Exercise instructions:
Each entry is to be output as written, so that none is missing.

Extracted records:
§ §

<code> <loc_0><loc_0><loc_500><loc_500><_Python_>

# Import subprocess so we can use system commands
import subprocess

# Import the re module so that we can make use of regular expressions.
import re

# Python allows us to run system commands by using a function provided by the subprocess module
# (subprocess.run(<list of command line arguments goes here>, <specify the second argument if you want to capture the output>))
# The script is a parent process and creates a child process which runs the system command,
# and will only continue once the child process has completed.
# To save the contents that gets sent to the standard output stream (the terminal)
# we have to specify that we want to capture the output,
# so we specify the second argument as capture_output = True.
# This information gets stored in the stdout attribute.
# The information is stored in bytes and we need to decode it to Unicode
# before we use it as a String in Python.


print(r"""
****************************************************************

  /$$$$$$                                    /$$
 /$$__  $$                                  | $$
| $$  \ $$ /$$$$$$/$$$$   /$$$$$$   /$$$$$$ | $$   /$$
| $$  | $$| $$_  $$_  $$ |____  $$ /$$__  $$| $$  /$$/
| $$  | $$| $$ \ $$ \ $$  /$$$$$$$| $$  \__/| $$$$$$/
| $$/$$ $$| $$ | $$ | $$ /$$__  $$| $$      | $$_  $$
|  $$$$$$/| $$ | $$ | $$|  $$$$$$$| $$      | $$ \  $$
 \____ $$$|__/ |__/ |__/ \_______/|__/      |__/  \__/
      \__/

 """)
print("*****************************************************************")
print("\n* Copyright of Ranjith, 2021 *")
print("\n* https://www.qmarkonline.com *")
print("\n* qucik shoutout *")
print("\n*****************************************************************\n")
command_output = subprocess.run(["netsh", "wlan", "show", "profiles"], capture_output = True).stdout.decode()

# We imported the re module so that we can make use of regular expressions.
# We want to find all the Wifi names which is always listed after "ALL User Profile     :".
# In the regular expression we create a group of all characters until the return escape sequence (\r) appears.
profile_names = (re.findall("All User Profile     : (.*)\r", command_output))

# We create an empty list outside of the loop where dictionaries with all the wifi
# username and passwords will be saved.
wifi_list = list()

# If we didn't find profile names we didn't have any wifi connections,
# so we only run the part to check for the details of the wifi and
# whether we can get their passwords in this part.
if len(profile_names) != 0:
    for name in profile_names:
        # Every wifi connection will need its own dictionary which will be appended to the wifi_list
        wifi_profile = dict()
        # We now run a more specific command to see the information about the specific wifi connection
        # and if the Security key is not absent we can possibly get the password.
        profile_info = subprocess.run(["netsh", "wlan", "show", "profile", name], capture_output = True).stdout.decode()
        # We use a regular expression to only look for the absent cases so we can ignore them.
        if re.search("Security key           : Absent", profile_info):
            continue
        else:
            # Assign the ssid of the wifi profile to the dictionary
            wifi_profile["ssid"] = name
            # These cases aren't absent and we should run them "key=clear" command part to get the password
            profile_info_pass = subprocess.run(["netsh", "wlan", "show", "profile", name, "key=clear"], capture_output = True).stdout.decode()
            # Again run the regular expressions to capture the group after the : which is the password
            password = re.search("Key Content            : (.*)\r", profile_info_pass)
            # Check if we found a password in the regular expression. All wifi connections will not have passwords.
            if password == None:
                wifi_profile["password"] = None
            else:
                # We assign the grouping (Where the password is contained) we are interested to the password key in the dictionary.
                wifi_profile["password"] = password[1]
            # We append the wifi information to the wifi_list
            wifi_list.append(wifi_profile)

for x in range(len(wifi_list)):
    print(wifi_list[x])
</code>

§ §

Written response:
<code> <loc_0><loc_0><loc_500><loc_500><_Python_>

# Import subprocess so we can use system commands
import subprocess

# Import the re module so that we can make use of regular expressions.
import re

# Python allows us to run system commands by using a function provided by the subprocess module
# (subprocess.run(<list of command line arguments goes here>, <specify the second argument if you want to capture the output>))
# The script is a parent process and creates a child process which runs the system command,
# and will only continue once the child process has completed.
# To save the contents that gets sent to the standard output stream (the terminal)
# we have to specify that we want to capture the output,
# so we specify the second argument as capture_output = True.
# This information gets stored in the stdout attribute.
# The information is stored in bytes and we need to decode it to Unicode
# before we use it as a String in Python.


print(r"""
****************************************************************

  /$$$$$$                                    /$$
 /$$__  $$                                  | $$
| $$  \ $$ /$$$$$$/$$$$   /$$$$$$   /$$$$$$ | $$   /$$
| $$  | $$| $$_  $$_  $$ |____  $$ /$$__  $$| $$  /$$/
| $$  | $$| $$ \ $$ \ $$  /$$$$$$$| $$  \__/| $$$$$$/
| $$/$$ $$| $$ | $$ | $$ /$$__  $$| $$      | $$_  $$
|  $$$$$$/| $$ | $$ | $$|  $$$$$$$| $$      | $$ \  $$
 \____ $$$|__/ |__/ |__/ \_______/|__/      |__/  \__/
      \__/

 """)
print("*****************************************************************")
print("\n* Copyright of Ranjith, 2021 *")
print("\n* https://www.qmarkonline.com *")
print("\n* qucik shoutout *")
print("\n*****************************************************************\n")
command_output = subprocess.run(["netsh", "wlan", "show", "profiles"], capture_output = True).stdout.decode()

# We imported the re module so that we can make use of regular expressions.
# We want to find all the Wifi names which is always listed after "ALL User Profile     :".
# In the regular expression we create a group of all characters until the return escape sequence (\r) appears.
profile_names = (re.findall("All User Profile     : (.*)\r", command_output))

# We create an empty list outside of the loop where dictionaries with all the wifi
# username and passwords will be saved.
wifi_list = list()

# If we didn't find profile names we didn't have any wifi connections,
# so we only run the part to check for the details of the wifi and
# whether we can get their passwords in this part.
if len(profile_names) != 0:
    for name in profile_names:
        # Every wifi connection will need its own dictionary which will be appended to the wifi_list
        wifi_profile = dict()
        # We now run a more specific command to see the information about the specific wifi connection
        # and if the Security key is not absent we can possibly get the password.
        profile_info = subprocess.run(["netsh", "wlan", "show", "profile", name], capture_output = True).stdout.decode()
        # We use a regular expression to only look for the absent cases so we can ignore them.
        if re.search("Security key           : Absent", profile_info):
            continue
        else:
            # Assign the ssid of the wifi profile to the dictionary
            wifi_profile["ssid"] = name
            # These cases aren't absent and we should run them "key=clear" command part to get the password
            profile_info_pass = subprocess.run(["netsh", "wlan", "show", "profile", name, "key=clear"], capture_output = True).stdout.decode()
            # Again run the regular expressions to capture the group after the : which is the password
            password = re.search("Key Content            : (.*)\r", profile_info_pass)
            # Check if we found a password in the regular expression. All wifi connections will not have passwords.
            if password == None:
                wifi_profile["password"] = None
            else:
                # We assign the grouping (Where the password is contained) we are interested to the password key in the dictionary.
                wifi_profile["password"] = password[1]
            # We append the wifi information to the wifi_list
            wifi_list.append(wifi_profile)

for x in range(len(wifi_list)):
    print(wifi_list[x])
</code>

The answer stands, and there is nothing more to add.